Dos analistas coinciden en que en las elecciones del 18 de diciembre el voto cruzado se acentuará más respecto de los comicios de 2002 y uno de los principales afectados será el Movimiento Al Socialismo (MAS), quien no pudo configurar postulaciones prefecturales que hagan frente a otras candidaturas locales muy fuertes.

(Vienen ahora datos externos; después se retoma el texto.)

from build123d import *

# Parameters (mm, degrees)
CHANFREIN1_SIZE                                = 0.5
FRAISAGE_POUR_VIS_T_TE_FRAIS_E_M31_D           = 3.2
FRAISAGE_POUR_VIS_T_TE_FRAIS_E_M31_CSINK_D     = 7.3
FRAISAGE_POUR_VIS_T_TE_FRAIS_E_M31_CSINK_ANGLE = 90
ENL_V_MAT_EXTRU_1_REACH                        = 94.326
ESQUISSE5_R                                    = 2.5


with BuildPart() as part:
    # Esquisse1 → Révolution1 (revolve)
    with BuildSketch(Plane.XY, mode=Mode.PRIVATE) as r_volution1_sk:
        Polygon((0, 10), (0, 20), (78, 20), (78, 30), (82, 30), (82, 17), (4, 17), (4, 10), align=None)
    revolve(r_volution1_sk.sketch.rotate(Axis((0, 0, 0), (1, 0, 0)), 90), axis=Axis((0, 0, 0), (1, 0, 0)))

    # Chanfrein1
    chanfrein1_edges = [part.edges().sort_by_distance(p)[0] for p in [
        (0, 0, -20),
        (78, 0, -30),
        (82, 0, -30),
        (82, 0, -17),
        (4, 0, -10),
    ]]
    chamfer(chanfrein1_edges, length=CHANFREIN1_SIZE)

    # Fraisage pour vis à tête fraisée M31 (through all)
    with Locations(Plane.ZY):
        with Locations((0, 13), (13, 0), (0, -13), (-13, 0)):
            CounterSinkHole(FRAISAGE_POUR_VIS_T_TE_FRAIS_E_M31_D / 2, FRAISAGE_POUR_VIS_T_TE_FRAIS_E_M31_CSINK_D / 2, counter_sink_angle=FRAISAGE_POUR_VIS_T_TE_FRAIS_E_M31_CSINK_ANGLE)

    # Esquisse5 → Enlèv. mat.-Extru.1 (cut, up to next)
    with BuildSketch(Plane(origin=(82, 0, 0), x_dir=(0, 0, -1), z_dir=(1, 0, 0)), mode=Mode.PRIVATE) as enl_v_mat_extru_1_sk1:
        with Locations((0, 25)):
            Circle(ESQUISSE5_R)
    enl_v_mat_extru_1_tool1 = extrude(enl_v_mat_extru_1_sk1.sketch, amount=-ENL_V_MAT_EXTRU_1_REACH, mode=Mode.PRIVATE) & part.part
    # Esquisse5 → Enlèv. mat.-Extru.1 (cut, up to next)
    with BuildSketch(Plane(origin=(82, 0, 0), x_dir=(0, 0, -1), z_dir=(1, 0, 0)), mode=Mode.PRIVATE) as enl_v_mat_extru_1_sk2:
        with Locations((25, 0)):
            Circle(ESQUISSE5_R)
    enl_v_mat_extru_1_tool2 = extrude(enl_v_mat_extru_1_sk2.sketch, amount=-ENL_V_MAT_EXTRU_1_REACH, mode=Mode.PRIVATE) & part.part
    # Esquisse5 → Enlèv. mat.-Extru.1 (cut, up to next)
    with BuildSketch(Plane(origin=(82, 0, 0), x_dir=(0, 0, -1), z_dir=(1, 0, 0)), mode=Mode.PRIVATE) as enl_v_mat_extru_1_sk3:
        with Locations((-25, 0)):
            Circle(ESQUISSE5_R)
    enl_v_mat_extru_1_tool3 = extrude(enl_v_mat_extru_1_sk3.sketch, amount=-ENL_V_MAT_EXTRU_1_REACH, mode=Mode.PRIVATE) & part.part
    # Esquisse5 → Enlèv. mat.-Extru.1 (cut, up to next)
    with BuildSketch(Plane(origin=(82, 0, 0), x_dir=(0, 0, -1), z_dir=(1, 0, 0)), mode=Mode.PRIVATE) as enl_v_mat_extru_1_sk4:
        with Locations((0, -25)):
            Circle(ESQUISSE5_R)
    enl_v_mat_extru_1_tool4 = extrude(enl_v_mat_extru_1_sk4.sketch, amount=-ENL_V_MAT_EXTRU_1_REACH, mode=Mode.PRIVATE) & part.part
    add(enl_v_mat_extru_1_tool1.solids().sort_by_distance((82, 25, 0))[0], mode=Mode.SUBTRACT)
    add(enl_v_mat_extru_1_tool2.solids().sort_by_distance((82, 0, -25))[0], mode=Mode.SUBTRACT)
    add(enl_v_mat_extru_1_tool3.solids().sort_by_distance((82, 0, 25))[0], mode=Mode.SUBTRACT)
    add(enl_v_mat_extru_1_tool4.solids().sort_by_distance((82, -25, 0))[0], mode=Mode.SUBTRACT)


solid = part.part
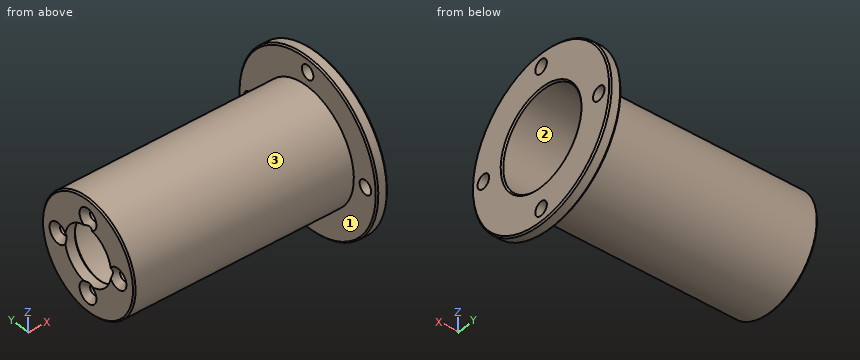
Here's how the part is built. I have some questions about the finished solid (model axes, mm). Face numbers are marked on the shaded views. Coordinates: 2 decimals unless noted, no trailing zeros. Loops run counter-clockwise (first coordinate to the right, second up) from the corner with the lowest first, then second, coordinate; pieces in that order, holes last.
1. I need wall thicknesses on L1, parallel to Y at x = 2, z = 0; L2, parallel to Y at x = 53, z = 0; L3, parallel to Y at x = 61, z = -9.5. Which ranges of each line are inside material? Lowest first, please.
2. If we mould it in two halves opening along Y, with no side actions, what happens to the marked faces 1, 2 and 3? For each: pulls with the +Y half, pulls with the -Y half, needs draft (parallel to the pull), parting line crosses it, or undercut.
3. Imagine slicing it at A-A, the plane z = 0. Count the separate pieces of the cut face and the enclosed holes in it, and give its area (3 significant figures).
4. Imagine slicing it at C-C, the plane x = 11. Please give me the cut outline in (y, z), and give its area (3 significant figures).
5. For P1, Ø5, axis at x = 28, z = 9.5, coming from the +Y side (3 decimals); P2, Ø3, axis at y = 25, z = 0, coming from the +X side; P3, Ø6, axis at x = 61, z = -20.5, coming from the -Y side; P4, Ø8, axis at x = 58.5, z = 16, coming from the +Y side, each with a flat end and sliding along its axis, tell me the tip position at first contact or that it passes through.
Taken from the geometry:
1. L1: y = -20 to -14.65, -11.35 to -10, 10 to 11.35, 14.65 to 20
1. L2: y = -20 to -17, 17 to 20
1. L3: y = -17.6 to -14.1, 14.1 to 17.6
2. face 1: needs draft
2. face 2: undercut
2. face 3: parting line crosses it
3. separate pieces: 6
3. enclosed holes: 0
3. area: 553 mm2
4. outline: circle Ø40 at (0, 0); hole circle Ø34 at (0, 0)
4. area: 349 mm2
5. P1: stops at y = 18.735
5. P2: passes through
5. P3: stops at y = -9.68
5. P4: stops at y = 16

“Va a haber una presencia muy fuerte del voto cruzado”, vaticina la politóloga cruceña Helena Argirakis.
Ella considera que la “gente entendió” el espíritu del voto cruzado “en una lectura muy propia” respecto de la selección de candidatos nacionales y locales, como son los diputados uninominales.
Entretanto, el analista Henry Oporto comentó que el fenómeno que implicar votar por un candidato local de una organización política y por un candidato nacional de otra formación es “una tendencia que se afirma”.
Aunque asegura que la democracia en Bolivia “aún es precaria después de seis elecciones”, Jimena Costa dice que “es altamente probable que haya una selección más consciente de candidatos” en los comicios del 18 de diciembre.
Sin embargo, muy cauta, espera que se conozcan los resultados para asegurar si es que habrá o no un voto cruzado acentuado. Eso está “en veremos”, afirma.
En las elecciones generales de 2002, algunos partidos que no tuvieron buena votación nacional y departamental consiguieron fuerte apoyo en las circunscripciones uninominales. Es el caso del Movimiento de la Izquierda Revolucionaria (MIR), que siendo cuarto en el escrutinio general (16,32 por ciento de la votación) logró 15 diputaciones uninominales de las 68 establecidas en todo el país. Ese partido incluso superó al segundo de esos comicios, el Movimiento Al Socialismo (MAS), que tuvo 14, y al tercero, Nueva Fuerza Republicana (NFR), que consiguió sólo seis. Incluso el Movimiento Indígena Pachakuti (MIP) tuvo cinco uninominales, uno menos que NFR.
Esos datos muestran “un indicio de una democracia madura con una cultura muy alta”, analiza Argirakis.
Sin embargo, en 2002 hubo casos de “votación lineal” (sufragio por el candidato presidencial y uninominales de un mismo partido) muy acentuados en algunos departamentos, como Tarija, donde el MIR logró todas (5) las circunscripciones uninominales.
Aunque el MAS ganó las elecciones en Cochabamba, consiguió cinco de nueve diputaciones uninominales; el resto, cuatro, fue para NFR, el segundo de la votación departamental.
En referencia al MAS, Costa considera que la mayoría de sus militantes ejerce el “voto consigna”, sin importar que el candidato sea mejor o no respecto de sus contendores. La gente debe “tener capacidad de interpelación discursiva” de los postulantes en la circunscripción, reflexiona.
“Aún existen aspectos afectivos” que priman entre electores y partidos, avalúa Argirakis.
Al contrario, asegura que Unidad Nacional (UN), Poder Democrático Social (Podemos) y el Movimiento Nacionalista Revolucionario (MNR) tendrán voto cruzado favorable.
Pero el voto cruzado comienza a develarse en la intención de apoyo a los candidatos prefecturales, cuya votación se realizará el mismo día de las elecciones generales.
Para Oporto, el que tendrá desventaja en eso es el MAS, que en su criterio no tiene candidatos “de buen perfil” que se muestren “como alternativas adecuadas”.
Son visibles los casos de candidatos del MAS que no tienen opciones de ganar en varios departamentos, a pesar de que el postulante presidencial, Evo Morales Ayma, tiene buena intención de voto.
Los diputados uninominales fueron elegidos por primera vez en los comicios de 1997.